$f\in C^1(\mathbb R)$ , having finitely many zeroes and $f'$ changes sign at exactly two of these points , solutions of $f(x)=y$ for given $y$? Let $f:(0,1) \to \mathbb R$ be a continuously differentiable function having finitely many zeroes and $f'$ changes sign at exactly two of these points , then is it true that for any $y \in \mathbb R$ , the equation $f(x)=y$ has at most $3$ solutions ? 
 A: Let $p(x) = (x-1)^2(x-2)(x-3)(x-4)^2.$ Then $p$ is a polynomial of degree $6$ with roots at $1,2,3,4.$ Because of the signs of the factors we have $p>0$ on $(-\infty,1),$ $ p> 0$ on $(1,2),$ $p< 0$ on $(2,3),$ $p>0$ on $(3,4),$ and $p>0$ on $(4,\infty).$ (Good to start drawing a picture right about now.)
The double roots of $p$ at $1,4$ imply $p'(1)=p'(4) =0.$ Rolle's theorem tells us $p'=0$ at three other points - in the intervals $(1,2),(2,3),(3,4)$ respectively. Let's call these points $c_1,c_2,c_3.$ So we've identifed five roots for $p'(x),$ and since $p'$ has degree five, that is all of them.

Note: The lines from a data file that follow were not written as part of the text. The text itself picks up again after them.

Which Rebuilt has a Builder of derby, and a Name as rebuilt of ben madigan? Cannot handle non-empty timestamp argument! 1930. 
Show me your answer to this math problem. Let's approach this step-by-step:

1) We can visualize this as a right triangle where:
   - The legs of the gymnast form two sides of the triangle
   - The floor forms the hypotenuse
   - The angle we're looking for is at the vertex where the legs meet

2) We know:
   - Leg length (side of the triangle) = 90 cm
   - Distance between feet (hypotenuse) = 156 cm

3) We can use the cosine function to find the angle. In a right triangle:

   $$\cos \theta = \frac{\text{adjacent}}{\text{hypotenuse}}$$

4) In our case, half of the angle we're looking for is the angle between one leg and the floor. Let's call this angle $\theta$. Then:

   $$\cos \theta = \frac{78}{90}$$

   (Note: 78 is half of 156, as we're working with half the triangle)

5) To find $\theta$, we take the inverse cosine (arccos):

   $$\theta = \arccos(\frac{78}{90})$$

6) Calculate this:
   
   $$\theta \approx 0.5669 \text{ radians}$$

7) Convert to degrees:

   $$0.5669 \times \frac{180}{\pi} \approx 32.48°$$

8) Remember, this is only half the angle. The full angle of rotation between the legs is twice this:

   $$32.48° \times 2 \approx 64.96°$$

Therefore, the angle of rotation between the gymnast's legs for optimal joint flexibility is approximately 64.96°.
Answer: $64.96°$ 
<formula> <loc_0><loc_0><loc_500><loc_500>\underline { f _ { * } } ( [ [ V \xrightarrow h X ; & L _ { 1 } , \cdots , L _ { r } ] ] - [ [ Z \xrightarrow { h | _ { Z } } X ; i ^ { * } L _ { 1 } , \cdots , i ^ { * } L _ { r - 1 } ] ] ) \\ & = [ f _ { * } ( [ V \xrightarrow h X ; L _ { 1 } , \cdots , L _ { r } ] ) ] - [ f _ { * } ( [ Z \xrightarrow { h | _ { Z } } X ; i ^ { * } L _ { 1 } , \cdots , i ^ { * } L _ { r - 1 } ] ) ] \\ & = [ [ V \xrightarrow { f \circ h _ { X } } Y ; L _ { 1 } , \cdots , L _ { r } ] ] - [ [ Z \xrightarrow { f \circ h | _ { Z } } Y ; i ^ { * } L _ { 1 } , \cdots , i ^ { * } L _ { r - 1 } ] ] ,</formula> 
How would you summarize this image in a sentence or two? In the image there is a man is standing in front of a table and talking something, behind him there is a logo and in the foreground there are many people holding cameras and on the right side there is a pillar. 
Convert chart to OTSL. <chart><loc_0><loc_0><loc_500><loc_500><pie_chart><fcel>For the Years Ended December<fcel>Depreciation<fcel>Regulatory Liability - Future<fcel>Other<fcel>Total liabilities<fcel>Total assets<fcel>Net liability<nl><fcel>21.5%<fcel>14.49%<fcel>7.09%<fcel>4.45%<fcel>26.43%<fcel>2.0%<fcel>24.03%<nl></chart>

It follows that $p'(2),p'(3) \ne 0.$ Hence $p'$ does not change signs at these zeros of $p$ (by continuity). What happens at $1?$ On $(-\infty,1),$ $p'$ must be positive or negative. Since $p> p(1)= 0$ on this interval, we have $p'<0$ there. On $(1,c_1)$ $p'$ must again be positive or negative. Since we move up from $p(1)=0$ to positive values, we must have $p'> 0$ on this interval. Therefore $1$ is a zero of $p$ where the derivative changes sign. The analysis at $4$ is exactly the same, with the same result.
The polynomial $p$ therefore satisfies the hypotheses. Is the conclusion true? No, for the simple reason that $p(x) = 0$ has four solutions. In fact, you can show without too much trouble that $p(x) = y$ has six solutions for small enough $y>0.$